__WHAT IS BEING ASKED__
Please transcribe only the lines that run from the line bearing "text 108. [177, 1057, 1181, 1081]" to the end of the entries, keeping both end lines. Skip the pictures.

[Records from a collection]
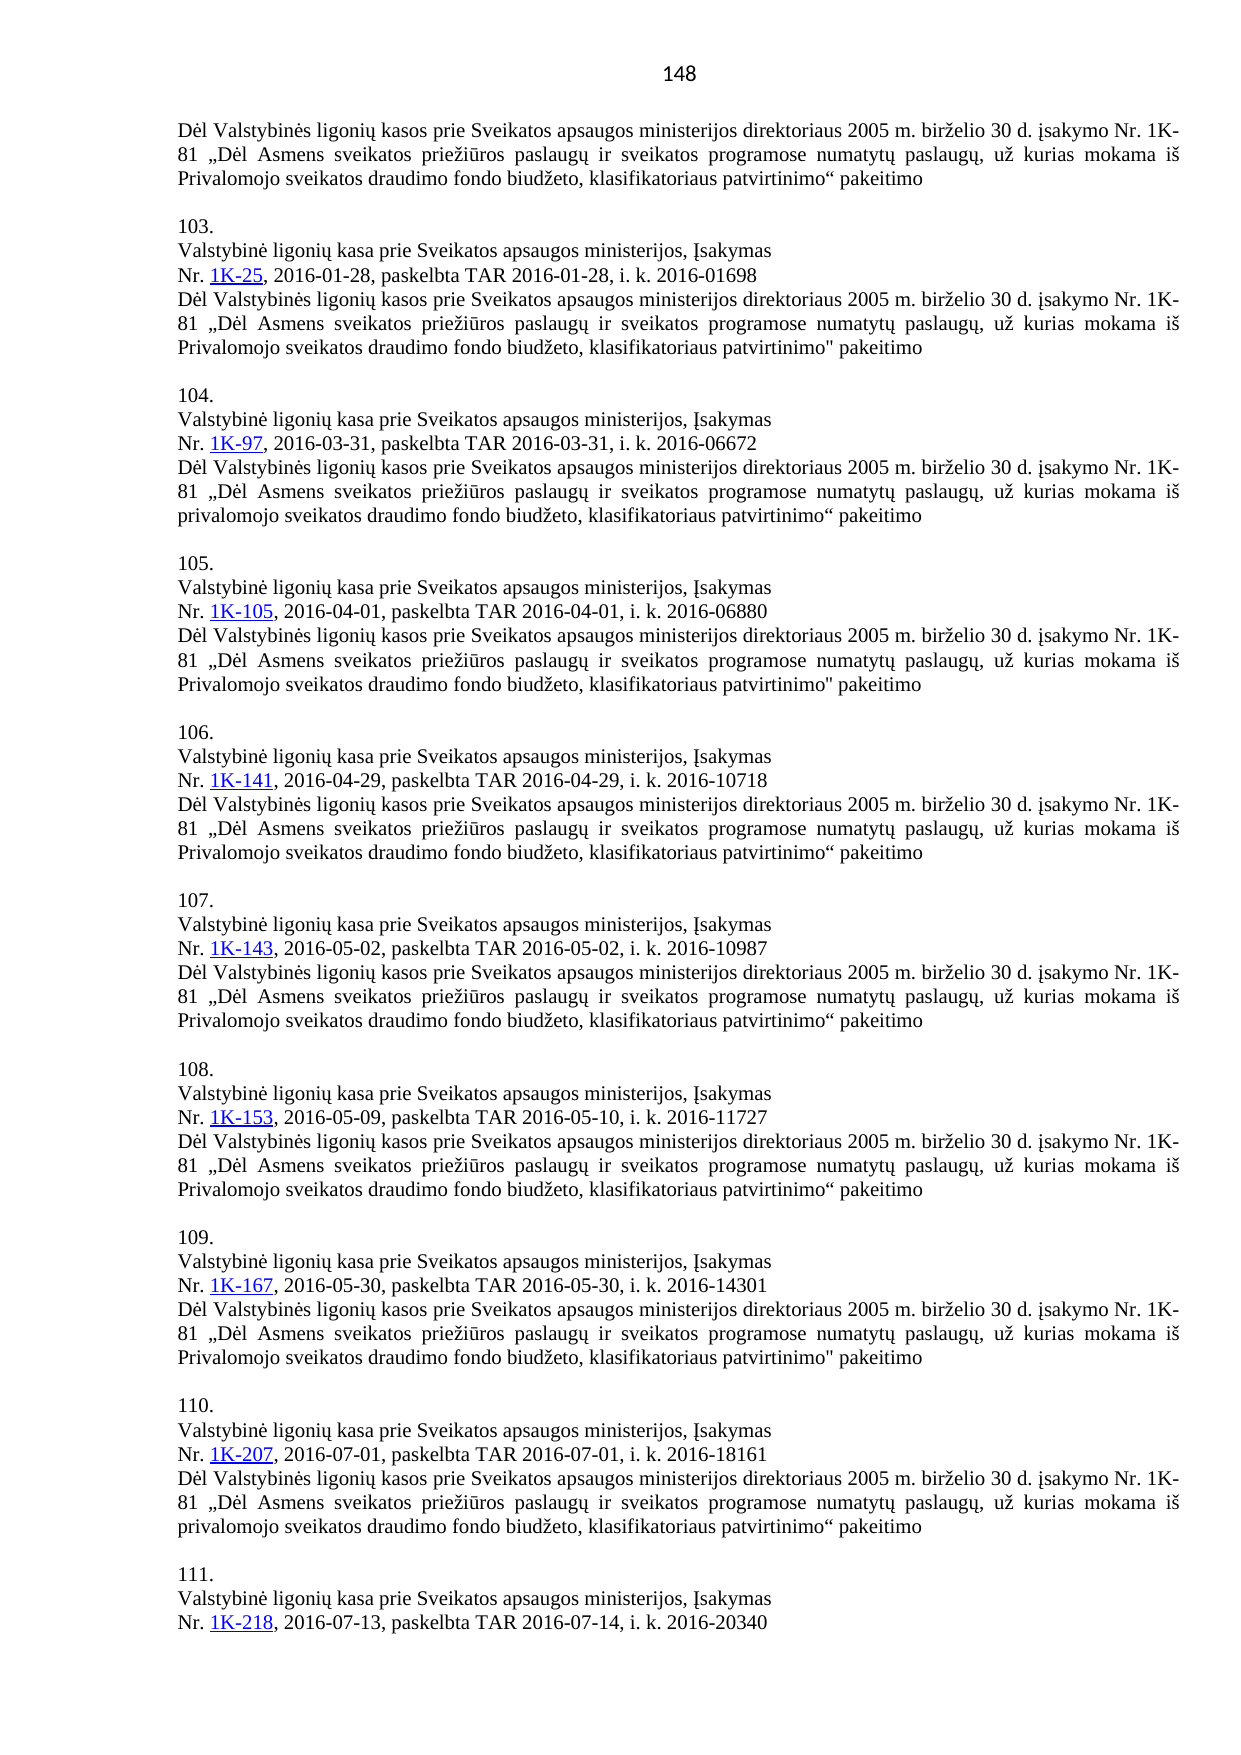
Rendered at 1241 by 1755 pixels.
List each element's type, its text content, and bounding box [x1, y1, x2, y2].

text 111. [177, 1562, 1181, 1586]
text Valstybinė ligonių kasa prie Sveikatos apsaugos ministerijos, Įsakymas [177, 407, 1181, 431]
text Dėl Valstybinės ligonių kasos prie Sveikatos apsaugos ministerijos direktoriaus 2005 m. birželio 30 d. įsakymo Nr. 1K-81 „Dėl Asmens sveikatos priežiūros paslaugų ir sveikatos programose numatytų paslaugų, už kurias mokama iš Privalomojo sveikatos draudimo fondo biudžeto, klasifikatoriaus patvirtinimo" pakeitimo [177, 287, 1181, 359]
text Valstybinė ligonių kasa prie Sveikatos apsaugos ministerijos, Įsakymas [177, 1417, 1181, 1442]
text Dėl Valstybinės ligonių kasos prie Sveikatos apsaugos ministerijos direktoriaus 2005 m. birželio 30 d. įsakymo Nr. 1K-81 „Dėl Asmens sveikatos priežiūros paslaugų ir sveikatos programose numatytų paslaugų, už kurias mokama iš Privalomojo sveikatos draudimo fondo biudžeto, klasifikatoriaus patvirtinimo“ pakeitimo [177, 118, 1181, 190]
text Valstybinė ligonių kasa prie Sveikatos apsaugos ministerijos, Įsakymas [177, 1081, 1181, 1105]
text Dėl Valstybinės ligonių kasos prie Sveikatos apsaugos ministerijos direktoriaus 2005 m. birželio 30 d. įsakymo Nr. 1K-81 „Dėl Asmens sveikatos priežiūros paslaugų ir sveikatos programose numatytų paslaugų, už kurias mokama iš Privalomojo sveikatos draudimo fondo biudžeto, klasifikatoriaus patvirtinimo“ pakeitimo [177, 1129, 1181, 1201]
text Nr. 1K-167, 2016-05-30, paskelbta TAR 2016-05-30, i. k. 2016-14301 [177, 1273, 1181, 1297]
text Nr. 1K-207, 2016-07-01, paskelbta TAR 2016-07-01, i. k. 2016-18161 [177, 1442, 1181, 1466]
text 105. [177, 551, 1181, 575]
text Dėl Valstybinės ligonių kasos prie Sveikatos apsaugos ministerijos direktoriaus 2005 m. birželio 30 d. įsakymo Nr. 1K-81 „Dėl Asmens sveikatos priežiūros paslaugų ir sveikatos programose numatytų paslaugų, už kurias mokama iš privalomojo sveikatos draudimo fondo biudžeto, klasifikatoriaus patvirtinimo“ pakeitimo [177, 1466, 1181, 1538]
text Nr. 1K-153, 2016-05-09, paskelbta TAR 2016-05-10, i. k. 2016-11727 [177, 1105, 1181, 1129]
text 104. [177, 383, 1181, 407]
text Nr. 1K-143, 2016-05-02, paskelbta TAR 2016-05-02, i. k. 2016-10987 [177, 936, 1181, 960]
text Valstybinė ligonių kasa prie Sveikatos apsaugos ministerijos, Įsakymas [177, 1586, 1181, 1610]
text Nr. 1K-105, 2016-04-01, paskelbta TAR 2016-04-01, i. k. 2016-06880 [177, 599, 1181, 623]
text Dėl Valstybinės ligonių kasos prie Sveikatos apsaugos ministerijos direktoriaus 2005 m. birželio 30 d. įsakymo Nr. 1K-81 „Dėl Asmens sveikatos priežiūros paslaugų ir sveikatos programose numatytų paslaugų, už kurias mokama iš Privalomojo sveikatos draudimo fondo biudžeto, klasifikatoriaus patvirtinimo" pakeitimo [177, 1297, 1181, 1369]
text 106. [177, 720, 1181, 744]
text Nr. 1K-218, 2016-07-13, paskelbta TAR 2016-07-14, i. k. 2016-20340 [177, 1610, 1181, 1634]
text Dėl Valstybinės ligonių kasos prie Sveikatos apsaugos ministerijos direktoriaus 2005 m. birželio 30 d. įsakymo Nr. 1K-81 „Dėl Asmens sveikatos priežiūros paslaugų ir sveikatos programose numatytų paslaugų, už kurias mokama iš Privalomojo sveikatos draudimo fondo biudžeto, klasifikatoriaus patvirtinimo“ pakeitimo [177, 792, 1181, 864]
text Valstybinė ligonių kasa prie Sveikatos apsaugos ministerijos, Įsakymas [177, 238, 1181, 262]
text Valstybinė ligonių kasa prie Sveikatos apsaugos ministerijos, Įsakymas [177, 575, 1181, 599]
text Valstybinė ligonių kasa prie Sveikatos apsaugos ministerijos, Įsakymas [177, 912, 1181, 936]
text Dėl Valstybinės ligonių kasos prie Sveikatos apsaugos ministerijos direktoriaus 2005 m. birželio 30 d. įsakymo Nr. 1K-81 „Dėl Asmens sveikatos priežiūros paslaugų ir sveikatos programose numatytų paslaugų, už kurias mokama iš privalomojo sveikatos draudimo fondo biudžeto, klasifikatoriaus patvirtinimo“ pakeitimo [177, 455, 1181, 527]
text 103. [177, 214, 1181, 238]
text Valstybinė ligonių kasa prie Sveikatos apsaugos ministerijos, Įsakymas [177, 1249, 1181, 1273]
text 110. [177, 1393, 1181, 1417]
text Nr. 1K-97, 2016-03-31, paskelbta TAR 2016-03-31, i. k. 2016-06672 [177, 431, 1181, 455]
text Dėl Valstybinės ligonių kasos prie Sveikatos apsaugos ministerijos direktoriaus 2005 m. birželio 30 d. įsakymo Nr. 1K-81 „Dėl Asmens sveikatos priežiūros paslaugų ir sveikatos programose numatytų paslaugų, už kurias mokama iš Privalomojo sveikatos draudimo fondo biudžeto, klasifikatoriaus patvirtinimo'' pakeitimo [177, 623, 1181, 696]
text Nr. 1K-25, 2016-01-28, paskelbta TAR 2016-01-28, i. k. 2016-01698 [177, 262, 1181, 287]
text 109. [177, 1225, 1181, 1249]
text Dėl Valstybinės ligonių kasos prie Sveikatos apsaugos ministerijos direktoriaus 2005 m. birželio 30 d. įsakymo Nr. 1K-81 „Dėl Asmens sveikatos priežiūros paslaugų ir sveikatos programose numatytų paslaugų, už kurias mokama iš Privalomojo sveikatos draudimo fondo biudžeto, klasifikatoriaus patvirtinimo“ pakeitimo [177, 960, 1181, 1032]
text 108. [177, 1057, 1181, 1081]
text Nr. 1K-141, 2016-04-29, paskelbta TAR 2016-04-29, i. k. 2016-10718 [177, 768, 1181, 792]
text Valstybinė ligonių kasa prie Sveikatos apsaugos ministerijos, Įsakymas [177, 744, 1181, 768]
text 107. [177, 888, 1181, 912]
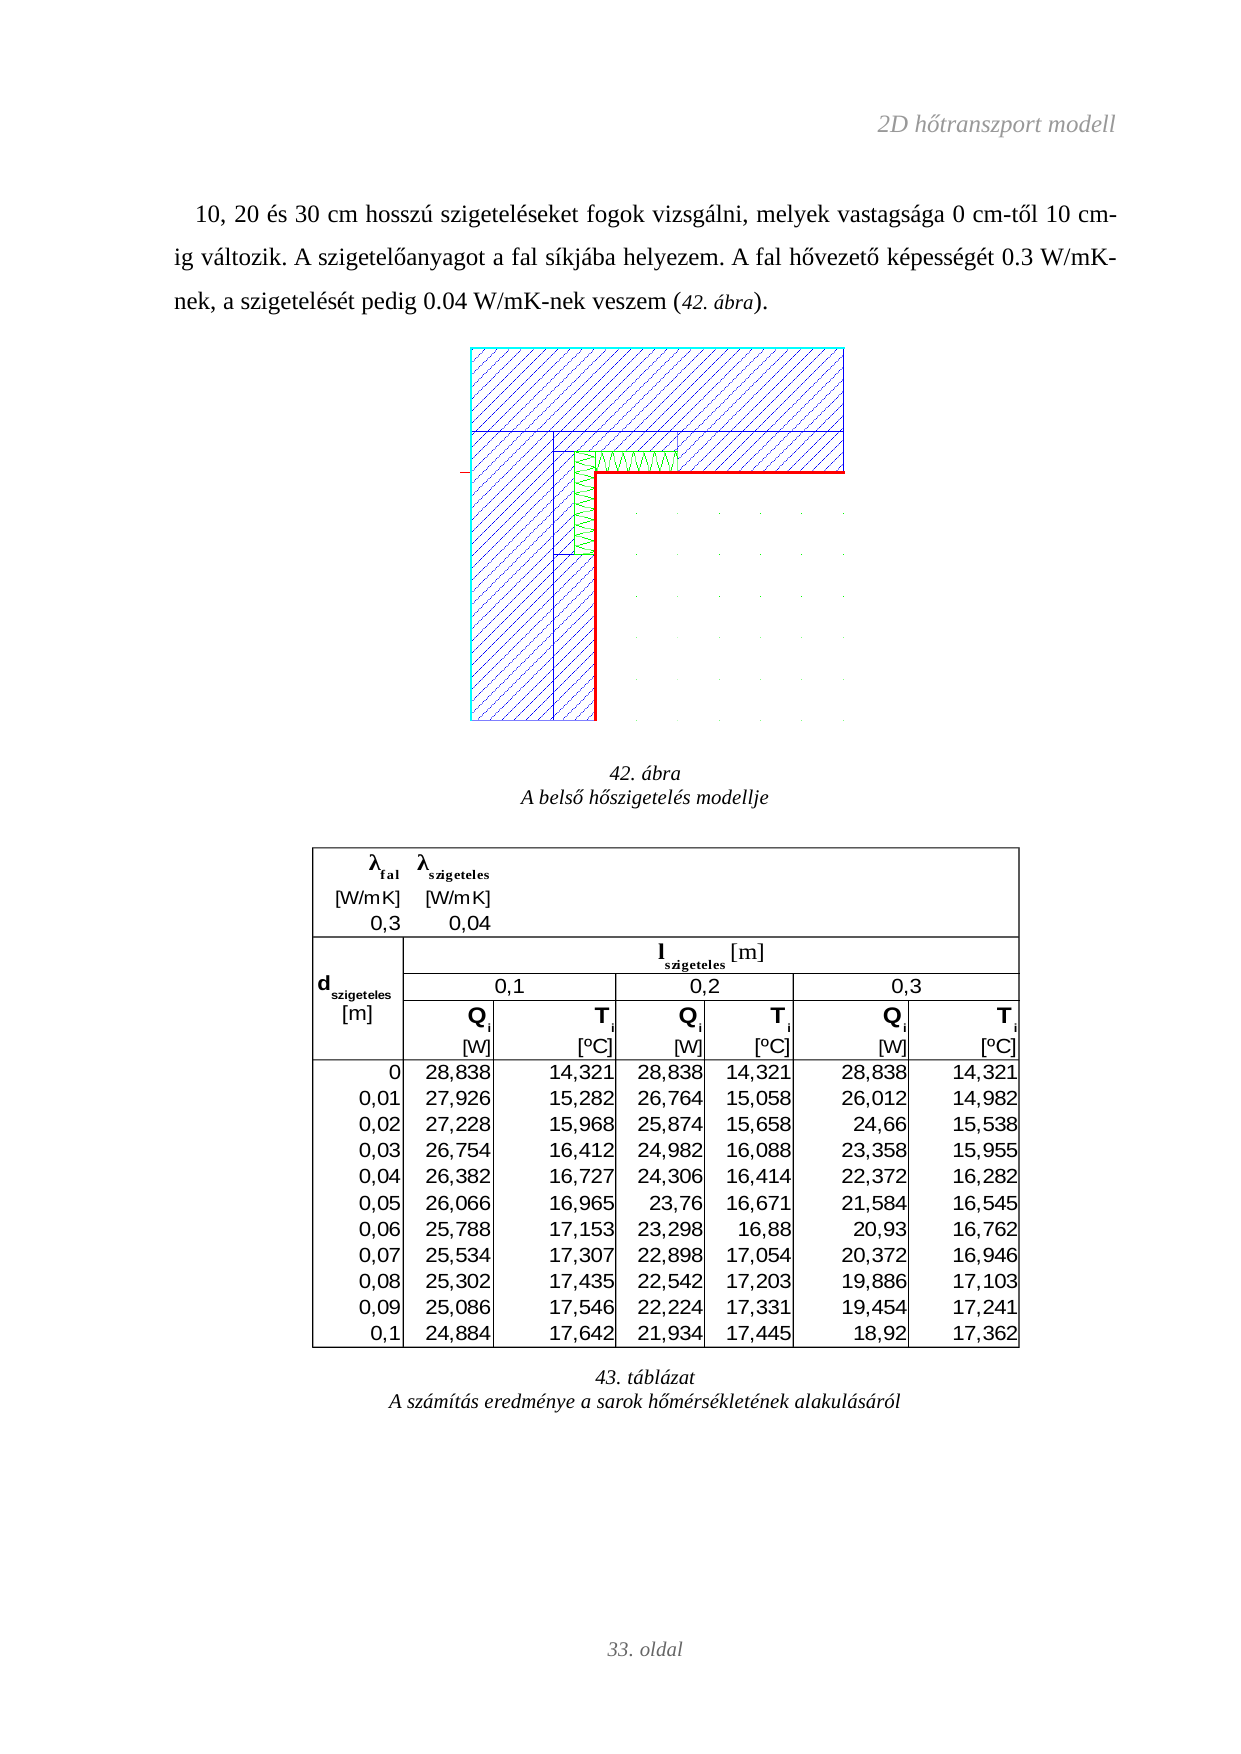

__REPLY TO THE TASK__
text 108. [177, 1057, 1181, 1081]
text Nr. 1K-141, 2016-04-29, paskelbta TAR 2016-04-29, i. k. 2016-10718 [177, 768, 1181, 792]
text Valstybinė ligonių kasa prie Sveikatos apsaugos ministerijos, Įsakymas [177, 744, 1181, 768]
text 107. [177, 888, 1181, 912]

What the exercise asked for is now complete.